After his death, his daughters established the Leon and Marilyn Klinghoffer Memorial Foundation with the Anti-Defamation League. [3]The foundation combats terrorism through educational, political and legal means. The foundation is funded by anundisclosed settlement paid by the PLO to the Klinghoffers to settle a lawsuit seeking damages for the PLO's role in the hijacking (Klinghoffer v. PLO, 739 F. Supp. 854 (S.D.N.Y. 1990) and Klinghoffer v. PLO, 937 F.2d 44, 50 (2d Cir. 1991)). This lawsuit spurred passage of the Antiterrorism Act of 1990 which made it easier for victims of terrorism to sue terrorists and collect civil damages for losses incurred.

The hijacking was made into a television movie in 1990, Voyage of Terror – The Achille Lauro Affair starring Burt Lancaster and Eve Marie Saint.
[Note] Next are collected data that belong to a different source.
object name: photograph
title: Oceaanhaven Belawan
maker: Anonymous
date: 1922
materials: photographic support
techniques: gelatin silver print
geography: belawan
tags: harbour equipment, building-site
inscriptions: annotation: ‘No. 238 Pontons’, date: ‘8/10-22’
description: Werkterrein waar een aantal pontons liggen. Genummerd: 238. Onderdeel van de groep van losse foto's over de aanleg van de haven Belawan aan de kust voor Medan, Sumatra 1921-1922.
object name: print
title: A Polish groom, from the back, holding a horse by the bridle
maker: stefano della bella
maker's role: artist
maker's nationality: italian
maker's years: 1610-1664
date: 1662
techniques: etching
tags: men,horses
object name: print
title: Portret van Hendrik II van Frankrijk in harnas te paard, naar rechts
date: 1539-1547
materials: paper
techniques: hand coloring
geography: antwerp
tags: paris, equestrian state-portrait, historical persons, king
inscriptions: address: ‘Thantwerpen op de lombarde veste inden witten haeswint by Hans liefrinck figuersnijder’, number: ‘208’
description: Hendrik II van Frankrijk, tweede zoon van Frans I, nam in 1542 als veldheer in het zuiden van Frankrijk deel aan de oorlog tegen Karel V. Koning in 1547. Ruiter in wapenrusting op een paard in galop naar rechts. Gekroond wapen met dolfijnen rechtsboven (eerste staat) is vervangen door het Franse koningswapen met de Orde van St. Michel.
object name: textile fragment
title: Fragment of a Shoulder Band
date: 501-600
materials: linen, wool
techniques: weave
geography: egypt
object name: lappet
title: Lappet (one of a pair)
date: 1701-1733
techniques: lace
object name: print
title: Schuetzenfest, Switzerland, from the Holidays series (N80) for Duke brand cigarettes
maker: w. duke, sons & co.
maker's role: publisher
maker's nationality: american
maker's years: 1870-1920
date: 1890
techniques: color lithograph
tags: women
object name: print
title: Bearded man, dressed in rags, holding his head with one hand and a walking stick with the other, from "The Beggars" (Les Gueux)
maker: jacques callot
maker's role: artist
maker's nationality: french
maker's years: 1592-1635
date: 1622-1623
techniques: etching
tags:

American minimalist composer John Adams' second opera, The Death of Klinghoffer, based on the events of 1985 opened to great controversy in 1991. The concept for the opera was suggested by director Peter Sellars and it featured a libretto by Alice Goodman. The Los Angeles Opera shared in the works' commission but never presented it. A Prix Italia-winning television version of the opera, starring Sanford Sylvan and Christopher Maltman, and directed by Penny Woolcock, was screened by United Kingdom's Channel 4 in 2003.